After taking power from Prime Minister Nawaz Sharif in October 1999, Musharraf began his tenure as president with a wave of support from a public weary of a decade of weak and corrupt civilian government.
In the beginning, he attracted competent people to his cabinet and promised to tackle longstanding problems, including the spread of madrasas, the religious schools that had become breeding grounds of Islamic extremists.
But the madrasas remained untouched, mainly because Musharraf handed the task to the Ministry of Religious Affairs, which was opposed to the plan, said Jehangir Tareen, a former minister of industries and special projects in the cabinet.
Musharraf did back some important changes in the news media and the rights of women, his supporters and critics agree. Now, dozens of private television stations exist, many of them with rambunctious political talk shows. He also moved to improve the status of women by pushing for the amendment of strict Islamic laws.
"Musharraf tried to construct a modern, enlightened state," Tareen said. "But he proved you cannot do this on the structure of a patronage-riven and police-oriented political machine."
One of Musharraf's greatest shortcomings, Tareen said, was his disdain for democratic methods and civilian politicians. In 2002, he ordered a referendum to be held, a yes or no vote on his legitimacy as president. No opposition candidates were permitted to run and rallies by opposition parties were banned.
After parliamentary elections six months later, Musharraf engineered political support from the Chaudhry clan, a powerful group of politicians in Punjab Province who were seen as anti-reformist. They created a political party, the Pakistan Muslim League-Q, as a vehicle for Musharraf. When conservative religious parties swept those parliamentary elections in the North-West Frontier Province, Musharraf sought their support, too.
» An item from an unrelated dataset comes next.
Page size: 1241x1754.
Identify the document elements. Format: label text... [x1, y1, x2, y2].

In March 2007, facing elections in a few months' time, Musharraf fired the chief justice, Iftikhar Muhammad Chaudhry, apparently out of fear that the judiciary might undermine his re-election. A tidal wave of support for Chaudhry from lawyers across the country turned into a vibrant anti-Musharraf campaign.
In November, Musharraf declared a state of emergency and fired 60 judges. By the time he lifted the decree in December, he was seen as an unpopular dictator and his main political opponents, Benazir Bhutto and Nawaz Sharif, had returned to Pakistan to run in elections.
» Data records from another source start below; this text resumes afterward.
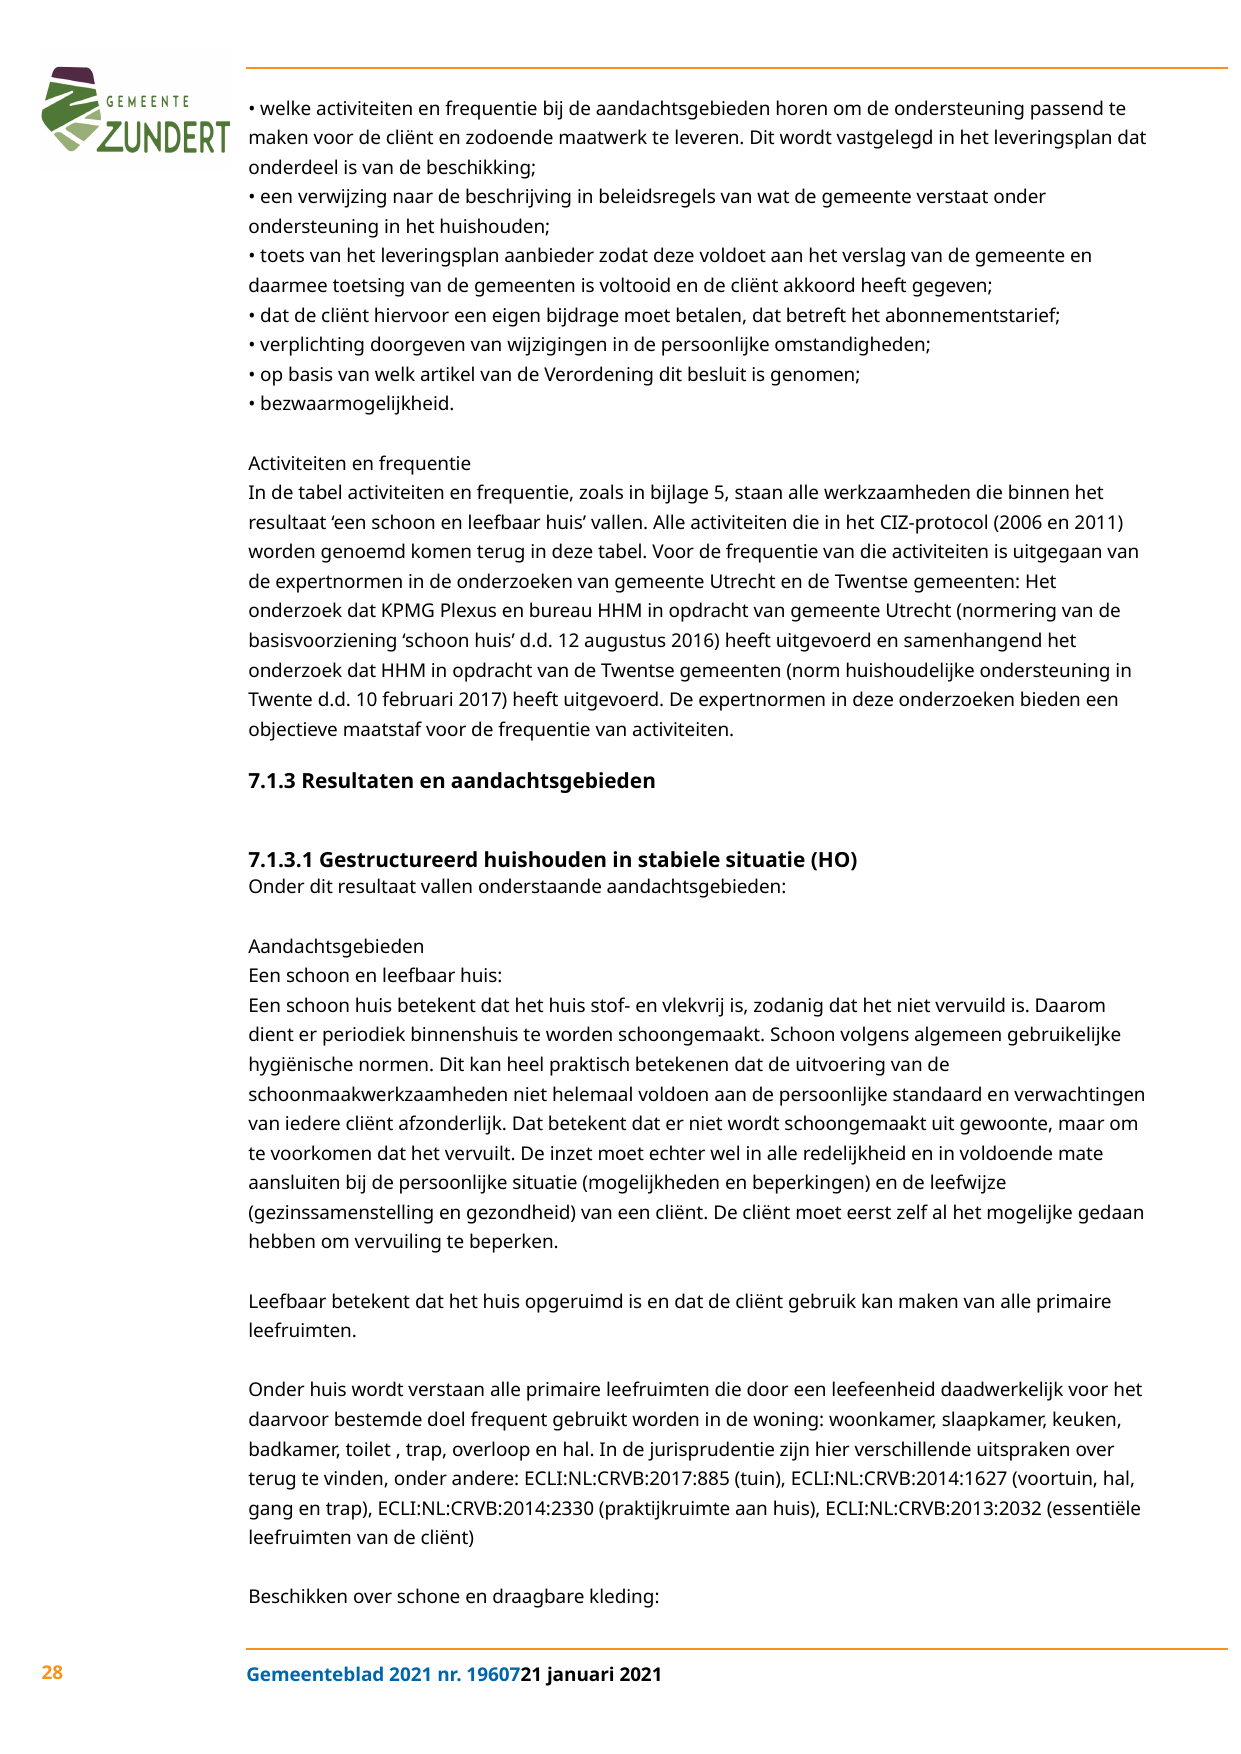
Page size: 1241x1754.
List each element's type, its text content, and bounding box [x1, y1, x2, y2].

text • verplichting doorgeven van wijzigingen in de persoonlijke omstandigheden; [248, 331, 1152, 357]
text 7.1.3 Resultaten en aandachtsgebieden [248, 766, 1152, 795]
text • dat de cliënt hiervoor een eigen bijdrage moet betalen, dat betreft het abonnementstarief; [248, 302, 1152, 328]
text Onder huis wordt verstaan alle primaire leefruimten die door een leefeenheid daadwerkelijk voor het daarvoor bestemde doel frequent gebruikt worden in de woning: woonkamer, slaapkamer, keuken, badkamer, toilet , trap, overloop en hal. In de jurisprudentie zijn hier verschillende uitspraken over terug te vinden, onder andere: ECLI:NL:CRVB:2017:885 (tuin), ECLI:NL:CRVB:2014:1627 (voortuin, hal, gang en trap), ECLI:NL:CRVB:2014:2330 (praktijkruimte aan huis), ECLI:NL:CRVB:2013:2032 (essentiële leefruimten van de cliënt) [248, 1377, 1152, 1550]
text Aandachtsgebieden [248, 933, 1152, 959]
text Leefbaar betekent dat het huis opgeruimd is en dat de cliënt gebruik kan maken van alle primaire leefruimten. [248, 1288, 1152, 1343]
text • op basis van welk artikel van de Verordening dit besluit is genomen; [248, 361, 1152, 387]
text Activiteiten en frequentie [248, 450, 1152, 476]
text • een verwijzing naar de beschrijving in beleidsregels van wat de gemeente verstaat onder ondersteuning in het huishouden; [248, 183, 1152, 239]
text In de tabel activiteiten en frequentie, zoals in bijlage 5, staan alle werkzaamheden die binnen het resultaat ‘een schoon en leefbaar huis’ vallen. Alle activiteiten die in het CIZ-protocol (2006 en 2011) worden genoemd komen terug in deze tabel. Voor de frequentie van die activiteiten is uitgegaan van de expertnormen in de onderzoeken van gemeente Utrecht en de Twentse gemeenten: Het onderzoek dat KPMG Plexus en bureau HHM in opdracht van gemeente Utrecht (normering van de basisvoorziening ‘schoon huis’ d.d. 12 augustus 2016) heeft uitgevoerd en samenhangend het onderzoek dat HHM in opdracht van de Twentse gemeenten (norm huishoudelijke ondersteuning in Twente d.d. 10 februari 2017) heeft uitgevoerd. De expertnormen in deze onderzoeken bieden een objectieve maatstaf voor de frequentie van activiteiten. [248, 479, 1152, 742]
text • welke activiteiten en frequentie bij de aandachtsgebieden horen om de ondersteuning passend te maken voor de cliënt en zodoende maatwerk te leveren. Dit wordt vastgelegd in het leveringsplan dat onderdeel is van de beschikking; [248, 95, 1152, 180]
text Beschikken over schone en draagbare kleding: [248, 1584, 1152, 1609]
picture [41, 47, 231, 172]
text Een schoon en leefbaar huis: [248, 962, 1152, 988]
text Onder dit resultaat vallen onderstaande aandachtsgebieden: [248, 874, 1152, 899]
text 7.1.3.1 Gestructureerd huishouden in stabiele situatie (HO) [248, 845, 1152, 874]
text • bezwaarmogelijkheid. [248, 391, 1152, 416]
text • toets van het leveringsplan aanbieder zodat deze voldoet aan het verslag van de gemeente en daarmee toetsing van de gemeenten is voltooid en de cliënt akkoord heeft gegeven; [248, 243, 1152, 298]
text Een schoon huis betekent dat het huis stof- en vlekvrij is, zodanig dat het niet vervuild is. Daarom dient er periodiek binnenshuis te worden schoongemaakt. Schoon volgens algemeen gebruikelijke hygiënische normen. Dit kan heel praktisch betekenen dat de uitvoering van de schoonmaakwerkzaamheden niet helemaal voldoen aan de persoonlijke standaard en verwachtingen van iedere cliënt afzonderlijk. Dat betekent dat er niet wordt schoongemaakt uit gewoonte, maar om te voorkomen dat het vervuilt. De inzet moet echter wel in alle redelijkheid en in voldoende mate aansluiten bij de persoonlijke situatie (mogelijkheden en beperkingen) en de leefwijze (gezinssamenstelling en gezondheid) van een cliënt. De cliënt moet eerst zelf al het mogelijke gedaan hebben om vervuiling te beperken. [248, 992, 1152, 1254]

Bhutto was assassinated at the end of December, postponing elections that had been scheduled for the beginning of January. But Bhutto's widower, Asif Ali Zardari, picked up the reins of the Pakistan People's Party and in February elections his and the Sharif parties swept into power. They formed an uneasy coalition that left Musharraf's party flailing for support.
In the end, his failure to manage his double game of keeping the Americans on his side and allowing the religious extremists to thrive may have proved his undoing and left Pakistan in a more precarious position, Rashid said.